If they could open the sewers up, then she'd die from Hidan/Kakuzu's cheesy combo.  10/10 with easy difficulty, since Mei is mostly a stationary fighter with very fast jutsu execution, but zero physical abilities (kicking an unsuspecting zetsu is something a genin can do).

If kakashi was only able to skirt out on the edge of the blast thanks to sharingan, Mei with no sharingan and even less physical feats, will stand no chance at all.


----------



## KakuzuForever (Apr 6, 2013)

Bonly said:


> Konan fought against Obito using her Shikigami no Mai for almost the entire fight and set off over 600 Billion explosive tags for 10 minutes straight.
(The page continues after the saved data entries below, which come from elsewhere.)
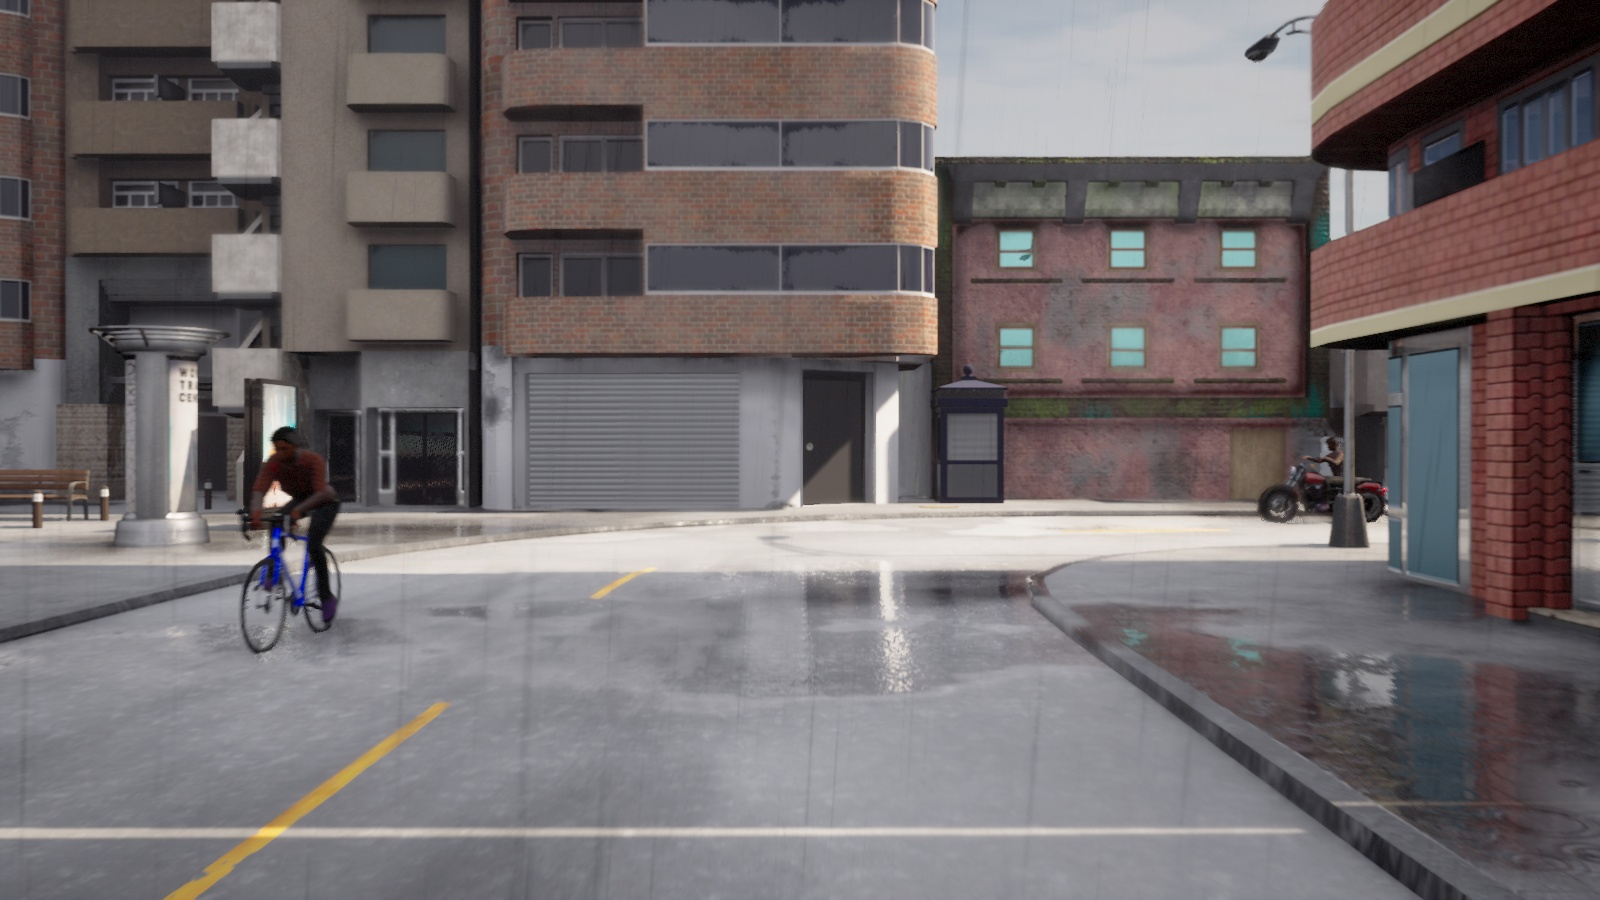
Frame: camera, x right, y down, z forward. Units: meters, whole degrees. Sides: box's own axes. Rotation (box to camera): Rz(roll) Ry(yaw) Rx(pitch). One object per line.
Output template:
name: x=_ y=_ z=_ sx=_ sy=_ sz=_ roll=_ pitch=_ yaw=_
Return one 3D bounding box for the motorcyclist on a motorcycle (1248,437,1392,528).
motorcyclist on a motorcycle: x=9.586 y=0.584 z=23.214 sx=2.350 sy=1.649 sz=0.766 roll=0 pitch=0 yaw=-1

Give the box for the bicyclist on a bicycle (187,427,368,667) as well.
bicyclist on a bicycle: x=-3.812 y=0.648 z=9.304 sx=0.582 sy=1.620 sz=1.656 roll=0 pitch=1 yaw=3
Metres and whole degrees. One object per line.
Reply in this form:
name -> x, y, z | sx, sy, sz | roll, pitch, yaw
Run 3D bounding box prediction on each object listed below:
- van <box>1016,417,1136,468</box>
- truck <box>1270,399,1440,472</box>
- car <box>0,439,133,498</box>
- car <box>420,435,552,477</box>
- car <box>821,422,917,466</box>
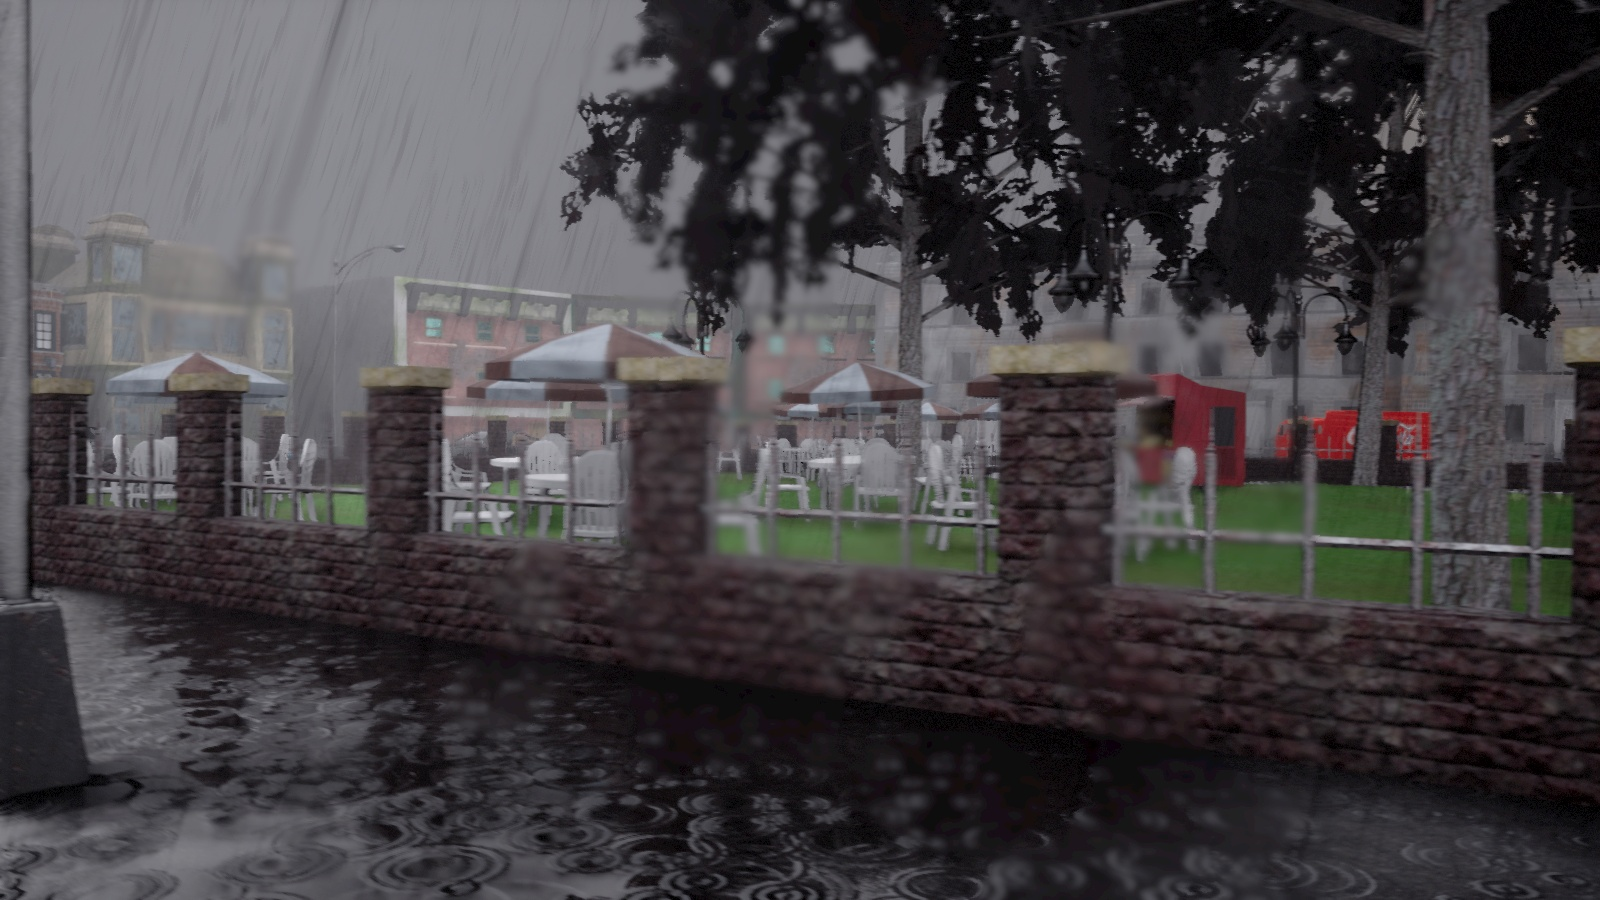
van -> 11.203, -0.315, 51.080 | 4.442, 1.987, 1.775 | 0, 1, 33
truck -> 19.987, -0.545, 45.259 | 5.204, 2.467, 2.627 | 1, 1, 33
car -> -20.690, 0.461, 34.573 | 1.845, 1.501, 3.633 | 0, 1, 34
car -> -11.891, 0.191, 47.867 | 1.837, 1.490, 4.892 | 0, 1, 34
car -> 3.076, -0.262, 55.927 | 3.866, 1.878, 1.905 | 0, 1, 23
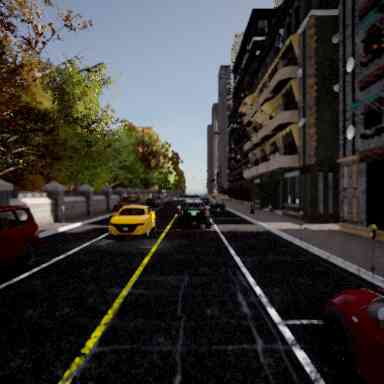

I would think that, that used up quite a bit of chakra to be near the same ball park as Kakuzu.



It's highly speculative how much chakra it takes to keep setting off the explosive tags.

The number in general is already a ridiculous number that Kishi pulled out of his butt.  You'd have to remind me of how many years had elapsed in her making the tags.

But to give an idea, on one extreme, if she just made 1 tag per second, it would take her about 19,000 years to make them all.  On a more "practical" side, if she made 1,000 tags per second, then it will take her 19 years.  Note...not 19 years going about her business in her dealings with yahiko or helping to rule as his angel in akatsuki/rain village, but 19 years of every second of every minute of every hour of every day of every year for those 19 years, only making tags (of which, making a single tag in 1 millisecond is already an extreme in itself....doing that for 19 years straight is even more unbelievable).

The 10 minutes is really what counts, however, setting off tags has no comparable measurement like we do for jutsus, which the likes of Kakuzu and Kisame are shown to be of larger pools compared to the average ninja.

Just as much as you can assume that konan has a "vast" chakra pool similar to kakuzu/kisame because setting off tags is very chakra consuming, I can assume that it isn't (or at least, a very small amount compared to the amount required to mold it into jutsu) thereby making us deduce that konan just doesn't have alot of chakra.

In addition, because konan is for all intents and purposes paper, her tag explosive execution is most likely even more efficient than most other ninja.  Similar to how other akatsuki are special and the best at their fields, konan is probably one of the best, if not the best paper tag explosives person in the narutoverse.  As such, similar to other things that kishi has implied throughout the history of the manga, it stands to reason that her use of it compared to say even people like hiruzen is better, in probably chakra effeciency, as well as explosive yield.

Konan was not implied to have greater or lesser chakra pools than the average ninja (you'd have to remind me otherwise from her other showings, as I am not remembering them well enough).

Without something to compare the execution of tag explosives in chakra usage, and also without other indications of her chakra pool as being larger than the normal ninja, it's a little larger assumption to say that she is a chakra monster like kisame/kakuzu than saying that she has normal chakra levels like <insert most other ninja, namely 99% of them>.  The 1% of non-normal chakra levels also include the pitiful chakra levels like kakashi and itachi (as much as it includes the chakra beasts).


----------



## Bonly (Apr 6, 2013)

KakuzuForever said:


> *Just as much as you can assume that konan has a "vast" chakra pool similar to kakuzu/kisame* because setting off tags is very chakra consuming, *I can assume that it isn't* (or at least, a very small amount compared to the amount required to mold it into jutsu) thereby making us deduce that konan just doesn't have alot of chakra.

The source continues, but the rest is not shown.